**Exercise description**
Each record below is to be output unchanged, and any picture is to be dropped.

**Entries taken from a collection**
++++++++++++++++++++
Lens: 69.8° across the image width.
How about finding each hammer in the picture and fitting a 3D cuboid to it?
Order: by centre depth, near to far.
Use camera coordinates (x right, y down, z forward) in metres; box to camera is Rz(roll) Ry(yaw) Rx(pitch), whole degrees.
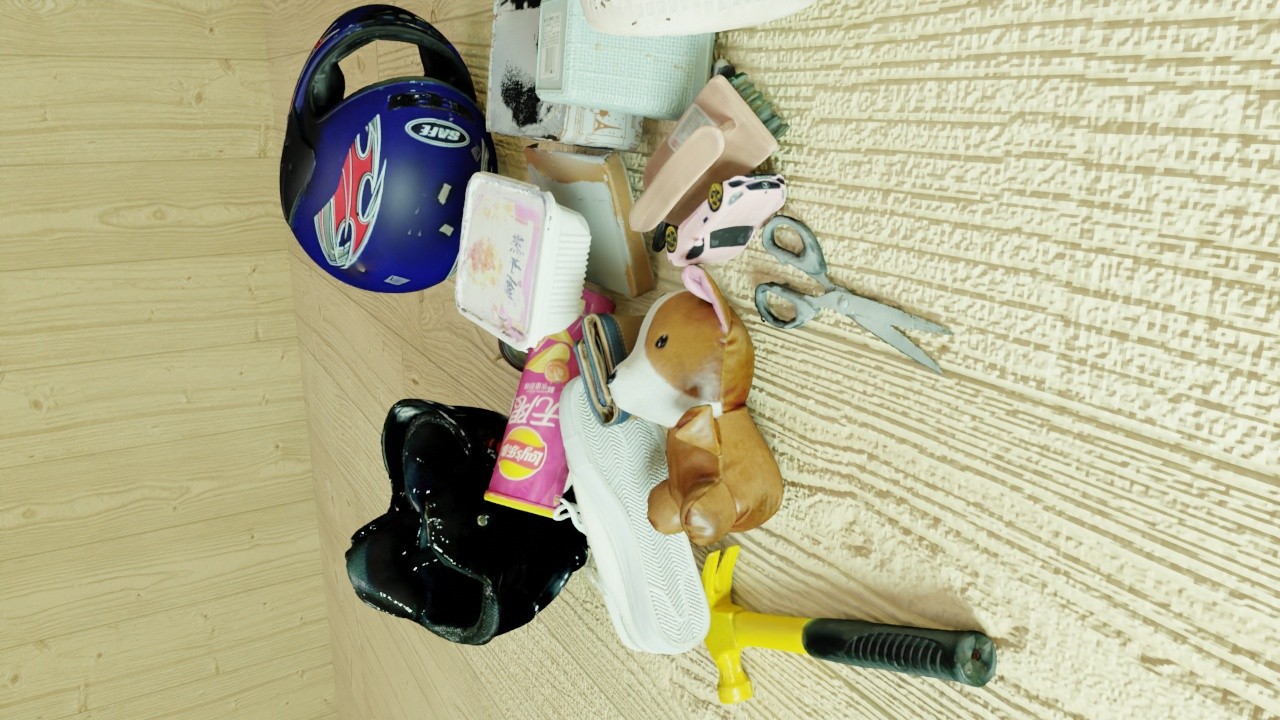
[{"bbox_3d":[0.127,0.198,0.658,0.301,0.032,0.128,-21,80,61],"label":"hammer"}]

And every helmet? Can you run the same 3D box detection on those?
[{"bbox_3d":[-0.184,0.169,1.009,0.234,0.229,0.274,-31,71,44],"label":"helmet"},{"bbox_3d":[-0.280,-0.229,1.060,0.240,0.246,0.316,42,123,44],"label":"helmet"}]

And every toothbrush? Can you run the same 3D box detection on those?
[{"bbox_3d":[0.038,-0.157,0.733,0.182,0.015,0.018,112,145,-42],"label":"toothbrush"}]

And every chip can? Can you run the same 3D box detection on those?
[{"bbox_3d":[-0.083,0.037,0.859,0.071,0.071,0.210,-6,67,61],"label":"chip can"}]

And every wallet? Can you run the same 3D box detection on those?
[{"bbox_3d":[-0.004,0.004,0.758,0.033,0.115,0.090,-14,86,33],"label":"wallet"}]

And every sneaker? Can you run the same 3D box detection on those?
[{"bbox_3d":[-0.019,0.131,0.784,0.091,0.089,0.242,-30,76,52],"label":"sneaker"}]

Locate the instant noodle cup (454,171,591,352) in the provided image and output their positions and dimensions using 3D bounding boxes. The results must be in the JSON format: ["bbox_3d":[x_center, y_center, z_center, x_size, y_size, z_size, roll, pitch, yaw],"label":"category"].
[{"bbox_3d":[-0.104,-0.092,0.824,0.173,0.060,0.138,27,112,52],"label":"instant noodle cup"}]

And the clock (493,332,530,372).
[{"bbox_3d":[-0.100,-0.039,0.941,0.122,0.082,0.055,-60,9,24],"label":"clock"}]

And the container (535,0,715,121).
[{"bbox_3d":[-0.015,-0.232,0.691,0.090,0.111,0.090,-146,59,-62],"label":"container"}]

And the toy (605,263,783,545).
[{"bbox_3d":[0.037,0.034,0.694,0.140,0.130,0.199,162,107,-71],"label":"toy"}]

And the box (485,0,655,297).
[{"bbox_3d":[-0.061,-0.194,0.832,0.179,0.105,0.261,28,116,55],"label":"box"}]

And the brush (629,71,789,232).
[{"bbox_3d":[0.039,-0.141,0.665,0.063,0.072,0.146,50,149,-2],"label":"brush"}]

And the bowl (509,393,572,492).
[{"bbox_3d":[-0.073,0.072,0.934,0.065,0.118,0.118,-18,80,24],"label":"bowl"}]

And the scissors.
[{"bbox_3d":[0.130,-0.045,0.601,0.169,0.014,0.156,-32,71,59],"label":"scissors"}]

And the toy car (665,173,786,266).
[{"bbox_3d":[0.060,-0.097,0.666,0.123,0.056,0.037,-38,65,61],"label":"toy car"}]

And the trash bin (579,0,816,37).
[{"bbox_3d":[0.028,-0.301,0.533,0.227,0.227,0.192,35,140,53],"label":"trash bin"}]
++++++++++++++++++++
**Reply**
Lens: 69.8° across the image width.
How about finding each hammer in the picture and fitting a 3D cuboid to it?
Order: by centre depth, near to far.
Use camera coordinates (x right, y down, z forward) in metres; box to camera is Rz(roll) Ry(yaw) Rx(pitch), whole degrees.
[{"bbox_3d":[0.127,0.198,0.658,0.301,0.032,0.128,-21,80,61],"label":"hammer"}]

And every helmet? Can you run the same 3D box detection on those?
[{"bbox_3d":[-0.184,0.169,1.009,0.234,0.229,0.274,-31,71,44],"label":"helmet"},{"bbox_3d":[-0.280,-0.229,1.060,0.240,0.246,0.316,42,123,44],"label":"helmet"}]

And every toothbrush? Can you run the same 3D box detection on those?
[{"bbox_3d":[0.038,-0.157,0.733,0.182,0.015,0.018,112,145,-42],"label":"toothbrush"}]

And every chip can? Can you run the same 3D box detection on those?
[{"bbox_3d":[-0.083,0.037,0.859,0.071,0.071,0.210,-6,67,61],"label":"chip can"}]

And every wallet? Can you run the same 3D box detection on those?
[{"bbox_3d":[-0.004,0.004,0.758,0.033,0.115,0.090,-14,86,33],"label":"wallet"}]

And every sneaker? Can you run the same 3D box detection on those?
[{"bbox_3d":[-0.019,0.131,0.784,0.091,0.089,0.242,-30,76,52],"label":"sneaker"}]

Locate the instant noodle cup (454,171,591,352) in the provided image and output their positions and dimensions using 3D bounding boxes. The results must be in the JSON format: ["bbox_3d":[x_center, y_center, z_center, x_size, y_size, z_size, roll, pitch, yaw],"label":"category"].
[{"bbox_3d":[-0.104,-0.092,0.824,0.173,0.060,0.138,27,112,52],"label":"instant noodle cup"}]

And the clock (493,332,530,372).
[{"bbox_3d":[-0.100,-0.039,0.941,0.122,0.082,0.055,-60,9,24],"label":"clock"}]

And the container (535,0,715,121).
[{"bbox_3d":[-0.015,-0.232,0.691,0.090,0.111,0.090,-146,59,-62],"label":"container"}]

And the toy (605,263,783,545).
[{"bbox_3d":[0.037,0.034,0.694,0.140,0.130,0.199,162,107,-71],"label":"toy"}]

And the box (485,0,655,297).
[{"bbox_3d":[-0.061,-0.194,0.832,0.179,0.105,0.261,28,116,55],"label":"box"}]

And the brush (629,71,789,232).
[{"bbox_3d":[0.039,-0.141,0.665,0.063,0.072,0.146,50,149,-2],"label":"brush"}]

And the bowl (509,393,572,492).
[{"bbox_3d":[-0.073,0.072,0.934,0.065,0.118,0.118,-18,80,24],"label":"bowl"}]

And the scissors.
[{"bbox_3d":[0.130,-0.045,0.601,0.169,0.014,0.156,-32,71,59],"label":"scissors"}]

And the toy car (665,173,786,266).
[{"bbox_3d":[0.060,-0.097,0.666,0.123,0.056,0.037,-38,65,61],"label":"toy car"}]

And the trash bin (579,0,816,37).
[{"bbox_3d":[0.028,-0.301,0.533,0.227,0.227,0.192,35,140,53],"label":"trash bin"}]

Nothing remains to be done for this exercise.